AAAR 33rd Annual Conference
October 20 - October 24, 2014
Rosen Shingle Creek
Orlando, Florida, USA
Abstract View
Photooxidation of Isoprene Epoxydiol (IEPOX)-Derived Secondary Organic Aerosol
KELVIN BATES, Tran Nguyen, Rebecca Schwantes, Xuan Zhang, Matthew Coggon, Richard Flagan, Brian Stoltz, Paul Wennberg, John Seinfeld, Caltech
Abstract Number: 390 Working Group: Aerosol Chemistry
Abstract Isoprene epoxydiol (IEPOX), a second-generation oxidation product of isoprene, has recently been identified as a key intermediate in the formation of secondary organic aerosol (SOA) from isoprene under low-NO conditions.

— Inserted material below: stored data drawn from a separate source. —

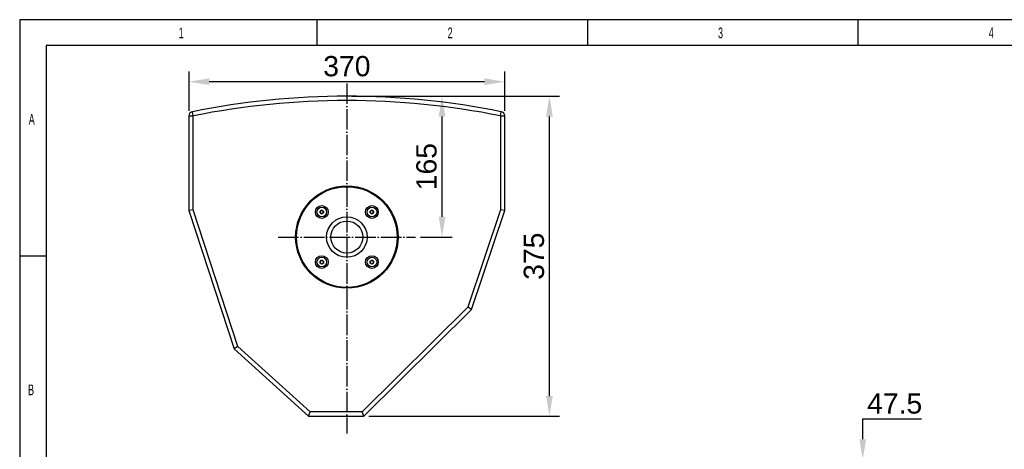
# Model space of a CAD drawing. Header units: millimetres. Extents: x 16448 to 19047, y 3049 to 4868.
# Tile 8 of 41: x 16448 to 17601, y 4365 to 4868. Entities that reach past the tile are written whole.
import ezdxf

# ---------------------------------------------------------------- set-up
doc = ezdxf.new("R2010")
doc.units = ezdxf.units.MM
doc.linetypes.add('ACAD_ISO04W100', pattern=[30, 24, -3, 0, -3])
for name, color, linetype in [('1', 7, 'Continuous'), ('2', 7, 'Continuous'), ('3', 1, 'ACAD_ISO04W100')]:
    doc.layers.add(name, color=color, linetype=linetype)
doc.styles.add('_TCW_TXTSTY_107', font='arial.ttf', dxfattribs={"width": 0.605, "height": 1.972126})
doc.styles.get("Standard").update_dxf_attribs({"font": 'arial.ttf'})
doc.dimstyles.new('ISO-25', dxfattribs={"dimscale": 9.5, "dimtxt": 2.5, "dimasz": 2.5, "dimexe": 1.25, "dimexo": 0.625, "dimtad": 1, "dimtoh": 1, "dimdsep": 46, "dimtxsty": 'Standard', "dimcen": 2.5, "dimadec": 0, "dimazin": 0, "dimtfac": 1, "dimtmove": 0, "dimatfit": 3, "dimfxl": 1, "dimarcsym": 0})

# ---------------------------------------------------------------- blocks, each defined once
blk = doc.blocks.new('*D4')
at = {"layer": '2', "color": 0, "lineweight": -2}
for p, q in [((16836.9, 4778.4), (17080.3, 4778.4)), ((17068.4, 4427.1), (17068.4, 4754.6)), ((16856.9, 4403.4), (17080.3, 4403.4))]:
    blk.add_line(p, q, dxfattribs=at)
at = {"layer": '2', "color": 0}
for points in [[(17064.4, 4754.6), (17072.3, 4754.6), (17068.4, 4778.4)], [(17064.4, 4427.1), (17072.3, 4427.1), (17068.4, 4403.4)]]:
    blk.add_solid(points, dxfattribs=at)
at = {"layer": 'Defpoints', "color": 0}
for p in [(16831, 4778.4), (17068.4, 4778.4), (16851, 4403.4)]:
    blk.add_point(p, dxfattribs=at)
at = {"layer": '2', "color": 0, "insert": (17050.3, 4590.9), "char_height": 23.75, "attachment_point": 5, "rotation": 90}
blk.add_mtext('375', dxfattribs=at)
blk = doc.blocks.new('*D5')
at = {"layer": '2', "color": 0, "lineweight": -2}
for p, q in [((16836.9, 4778.4), (16954.4, 4778.4)), ((16942.5, 4637.1), (16942.5, 4754.6)), ((16917.4, 4613.4), (16954.4, 4613.4))]:
    blk.add_line(p, q, dxfattribs=at)
at = {"layer": '2', "color": 0}
for points in [[(16938.6, 4754.6), (16946.5, 4754.6), (16942.5, 4778.4)], [(16938.6, 4637.1), (16946.5, 4637.1), (16942.5, 4613.4)]]:
    blk.add_solid(points, dxfattribs=at)
at = {"layer": 'Defpoints', "color": 0}
for p in [(16831, 4778.4), (16942.5, 4778.4), (16911.4, 4613.4)]:
    blk.add_point(p, dxfattribs=at)
at = {"layer": '2', "color": 0, "insert": (16924.4, 4695.9), "char_height": 23.75, "attachment_point": 5, "rotation": 90}
blk.add_mtext('165', dxfattribs=at)
blk = doc.blocks.new('*D6')
at = {"layer": '2', "color": 0, "lineweight": -2}
for p, q in [((16646, 4761.2), (16646, 4807.3)), ((17016, 4761.2), (17016, 4807.3)), ((16992.2, 4795.4), (16669.7, 4795.4))]:
    blk.add_line(p, q, dxfattribs=at)
at = {"layer": '2', "color": 0}
for points in [[(16669.7, 4799.4), (16669.7, 4791.5), (16646, 4795.4)], [(16992.2, 4799.4), (16992.2, 4791.5), (17016, 4795.4)]]:
    blk.add_solid(points, dxfattribs=at)
at = {"layer": 'Defpoints', "color": 0}
for p in [(16646, 4795.4), (16646, 4755.3), (17016, 4755.3)]:
    blk.add_point(p, dxfattribs=at)
at = {"layer": '2', "color": 0, "insert": (16831, 4813.5), "char_height": 23.75, "attachment_point": 5}
blk.add_mtext('370', dxfattribs=at)
blk = doc.blocks.new('*D10')
at = {"layer": '2', "color": 0, "lineweight": -2}
for p, q in [((17435.6, 4376.4), (17435.6, 4400.2)), ((17435.6, 4400.2), (17504.4, 4400.2)), ((17462.6, 4352.7), (17423.7, 4352.7)), ((17435.6, 4305.2), (17435.6, 4352.7)), ((17462.6, 4305.2), (17423.7, 4305.2)), ((17435.6, 4281.4), (17435.6, 4257.7))]:
    blk.add_line(p, q, dxfattribs=at)
at = {"layer": '2', "color": 0}
for points in [[(17431.7, 4376.4), (17439.6, 4376.4), (17435.6, 4352.7)], [(17431.7, 4281.4), (17439.6, 4281.4), (17435.6, 4305.2)]]:
    blk.add_solid(points, dxfattribs=at)
at = {"layer": 'Defpoints', "color": 0}
for p in [(17435.6, 4352.7), (17468.5, 4352.7), (17468.5, 4305.2)]:
    blk.add_point(p, dxfattribs=at)
at = {"layer": '2', "color": 0, "insert": (17473, 4418.2), "char_height": 23.75, "attachment_point": 5}
blk.add_mtext('47.5', dxfattribs=at)

msp = doc.modelspace()

# ---------------------------------------------------------------- linework, layer by layer
for p, q in [((19046.768, 4868.1), (16447.551, 4868.1)), ((16447.551, 4868.1), (16447.551, 3048.648)), ((16796.225, 4837.69), (16796.225, 4868.1)), ((17113.203, 4868.1), (17113.203, 4837.69)), ((17430.181, 4837.69), (17430.181, 4868.1)), ((19016.04, 4837.69), (16478.649, 4837.69)), ((16478.649, 4837.69), (16478.649, 3078.96)), ((16479.248, 4590.978), (16447.55, 4590.978))]:
    msp.add_line(p, q)
at = {"layer": '1'}
for p, q in [((16645.966, 4755.309), (16650.966, 4755.309)), ((16645.966, 4755.309), (16645.966, 4644.387)), ((16650.966, 4755.309), (16649.971, 4760.209)), ((16650.966, 4645.184), (16650.966, 4755.309)), ((17010.966, 4755.309), (17011.96, 4760.209)), ((17010.966, 4755.309), (17010.966, 4645.205)), ((17010.966, 4755.309), (17015.966, 4755.309)), ((17015.966, 4644.387), (17015.966, 4755.309)), ((16650.966, 4645.184), (16645.966, 4644.387)), ((16645.966, 4644.387), (16698.966, 4482.387)), ((16703.307, 4485.199), (16650.966, 4645.184)), ((16799.621, 4643.886), (16801.621, 4645.041)), ((16799.621, 4641.577), (16799.621, 4643.886)), ((16801.621, 4640.422), (16799.621, 4641.577)), ((16801.621, 4645.041), (16803.621, 4643.886)), ((16803.621, 4641.577), (16801.621, 4640.422)), ((16803.621, 4643.886), (16803.621, 4641.577)), ((16858.311, 4643.886), (16860.311, 4645.041)), ((16858.311, 4641.577), (16858.311, 4643.886)), ((16860.311, 4640.422), (16858.311, 4641.577)), ((16860.311, 4645.041), (16862.311, 4643.886)), ((16862.311, 4641.577), (16860.311, 4640.422)), ((16862.311, 4643.886), (16862.311, 4641.577)), ((17010.966, 4645.205), (16972.604, 4531.103)), ((16976.966, 4528.387), (17015.966, 4644.387)), ((17015.966, 4644.387), (17010.966, 4645.205)), ((16799.621, 4585.197), (16801.621, 4586.351)), ((16799.621, 4582.887), (16799.621, 4585.197)), ((16801.621, 4581.733), (16799.621, 4582.887)), ((16801.621, 4586.351), (16803.621, 4585.197)), ((16803.621, 4582.887), (16801.621, 4581.733)), ((16803.621, 4585.197), (16803.621, 4582.887)), ((16858.311, 4585.197), (16860.311, 4586.351)), ((16858.311, 4582.887), (16858.311, 4585.197)), ((16860.311, 4581.733), (16858.311, 4582.887)), ((16860.311, 4586.351), (16862.311, 4585.197)), ((16862.311, 4582.887), (16860.311, 4581.733)), ((16862.311, 4585.197), (16862.311, 4582.887)), ((16972.604, 4531.103), (16848.906, 4408.387)), ((16850.966, 4403.387), (16976.966, 4528.387)), ((16976.966, 4528.387), (16972.604, 4531.103)), ((16703.307, 4485.199), (16698.966, 4482.387)), ((16698.966, 4482.387), (16785.966, 4403.387)), ((16787.897, 4408.387), (16703.307, 4485.199)), ((16785.966, 4403.387), (16787.897, 4408.387)), ((16848.906, 4408.387), (16787.897, 4408.387)), ((16850.966, 4403.387), (16848.906, 4408.387)), ((16785.966, 4403.387), (16850.966, 4403.387))]:
    msp.add_line(p, q, dxfattribs=at)
for centre, radius in [((16830.966, 4613.387), 60), ((16830.966, 4613.387), 59), ((16801.621, 4642.732), 7.5), ((16801.621, 4642.732), 5.67), ((16860.311, 4642.732), 7.5), ((16860.311, 4642.732), 5.67), ((16830.966, 4613.387), 23.75), ((16830.966, 4613.387), 18.75), ((16801.621, 4584.042), 7.5), ((16801.621, 4584.042), 5.67), ((16860.311, 4584.042), 7.5), ((16860.311, 4584.042), 5.67)]:
    msp.add_circle(centre, radius, dxfattribs=at)
for centre, radius, start, end in [((16830.966, 3868.229), 910.158, 78.529678, 101.470322), ((16830.966, 3868.229), 905.158, 78.529678, 101.470322), ((16650.966, 4755.309), 5, 101.470322, 180), ((17010.966, 4755.309), 5, 0, 78.529678), ((16801.621, 4642.732), 2, 120, 180), ((16801.621, 4642.732), 2, 180, 240), ((16801.621, 4642.732), 2, 60, 120), ((16801.621, 4642.732), 2, 240, 300), ((16801.621, 4642.732), 2, 0, 60), ((16801.621, 4642.732), 2, 300, 0), ((16860.311, 4642.732), 2, 120, 180), ((16860.311, 4642.732), 2, 180, 240), ((16860.311, 4642.732), 2, 60, 120), ((16860.311, 4642.732), 2, 240, 300), ((16860.311, 4642.732), 2, 0, 60), ((16860.311, 4642.732), 2, 300, 0), ((16801.621, 4584.042), 2, 120, 180), ((16801.621, 4584.042), 2, 180, 240), ((16801.621, 4584.042), 2, 60, 120), ((16801.621, 4584.042), 2, 240, 300), ((16801.621, 4584.042), 2, 0, 60), ((16801.621, 4584.042), 2, 300, 0), ((16860.311, 4584.042), 2, 120, 180), ((16860.311, 4584.042), 2, 180, 240), ((16860.311, 4584.042), 2, 60, 120), ((16860.311, 4584.042), 2, 240, 300), ((16860.311, 4584.042), 2, 0, 60), ((16860.311, 4584.042), 2, 300, 0)]:
    msp.add_arc(centre, radius, start, end, dxfattribs=at)
at = {"layer": '3'}
for p, q in [((16830.966, 4793.373), (16830.966, 4383.171)), ((16750.499, 4613.387), (16911.432, 4613.387))]:
    msp.add_line(p, q, dxfattribs=at)

# ---------------------------------------------------------------- texts
at = {"style": '_TCW_TXTSTY_107', "width": 0.605}
for s, p in [('1', (16633.944, 4846.403)), ('2', (16949.122, 4846.403)), ('3', (17265.965, 4846.403)), ('4', (17583.253, 4846.455)), ('A', (16458.131, 4745.022)), ('B', (16457.342, 4428.044))]:
    msp.add_text(s, height=12.502, dxfattribs=at).set_placement(p)

# ---------------------------------------------------------------- dimensions: what is measured, and where the dimension line sits
at = {"layer": '2'}
dim = msp.add_linear_dim(base=(16645.966, 4795.412), p1=(17015.966, 4755.309), p2=(16645.966, 4755.309), dimstyle='ISO-25', dxfattribs=at)
dim.commit()
dim.dimension.update_dxf_attribs({"geometry": '*D6', "text_midpoint": (16830.966, 4813.483)})
for base, p1, p2, picture, middle in [((17068.377, 4778.387), (16850.966, 4403.387), (16830.966, 4778.387), '*D4', (17050.306, 4590.887)), ((16942.512, 4778.387), (16911.432, 4613.387), (16830.966, 4778.387), '*D5', (16924.449, 4695.887)), ((17435.623, 4352.671), (17468.529, 4305.171), (17468.529, 4352.671), '*D10', (17472.973, 4418.186))]:
    dim = msp.add_linear_dim(base=base, p1=p1, p2=p2, angle=90, dimstyle='ISO-25', dxfattribs=at)
    dim.commit()
    dim.dimension.update_dxf_attribs({"geometry": picture, "text_midpoint": middle})

doc.saveas('drawing.dxf')

Following its reactive uptake onto particles, IEPOX is typically converted to 2-methyltetrols or organosulfates by acid- or ammonium-catalyzed mechanisms. These low-volatility products are generally expected to remain in the particle phase, though their subsequent chemistry has not yet been explored. Using synthetic IEPOX and various inorganic seed particles, we have performed environmental chamber experiments to investigate the fate of IEPOX-derived SOA under exposure to photooxidation by OH radicals. Particle mass concentration and chemical composition were monitored by aerosol mass spectrometry, scanning mobility particle sizing, and liquid chromatography-mass spectrometry of filter samples, while concentrations of gas phase compounds were measured by CF$_3O$^(-) chemical ionization mass spectrometry. We will present results showing changes in both gas and particle phase composition during photooxidation, including their dependence on both seed particle composition and OH concentration. Preliminary data show that the photochemical loss of IEPOX-derived SOA mass may be an important consideration for predicting aerosol loading and gas phase oxidative chemistry in isoprene-rich environments.